DATA PROVIDED START
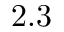<formula> <loc_0><loc_0><loc_500><loc_500>2 . 3</formula> 
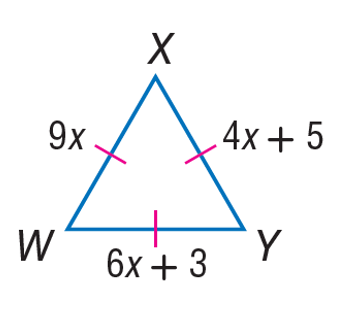Answer the mathemtical geometry problem and directly provide the correct option letter.
Question: Find the length of W Y.
Choices: A: 4 B: 5 C: 6 D: 9 D 
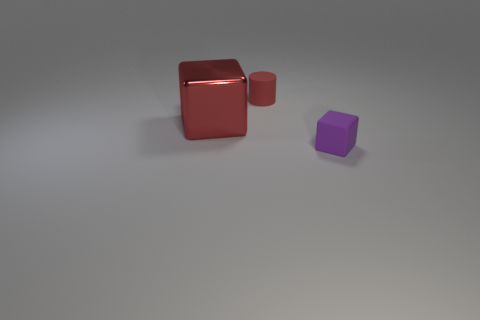Add 1 red rubber things. How many objects exist? 4 Subtract all cylinders. How many objects are left? 2 Subtract all brown cylinders. Subtract all tiny objects. How many objects are left? 1 Add 1 metallic things. How many metallic things are left? 2 Add 1 large things. How many large things exist? 2 Subtract 0 brown cylinders. How many objects are left? 3
DATA PROVIDED END
• _AIM OF THE EXERCISE_:
From the line containing "Choices: A: 4 B: 5 C: 6 D: 9 D" to the last line of the records above, return each line exactly, both ends included, and nothing more. Leave out the pictures.

• _SOLVED EXERCISE_:
Choices: A: 4 B: 5 C: 6 D: 9 D 
Add 1 red rubber things. How many objects exist? 4 Subtract all cylinders. How many objects are left? 2 Subtract all brown cylinders. Subtract all tiny objects. How many objects are left? 1 Add 1 metallic things. How many metallic things are left? 2 Add 1 large things. How many large things exist? 2 Subtract 0 brown cylinders. How many objects are left? 3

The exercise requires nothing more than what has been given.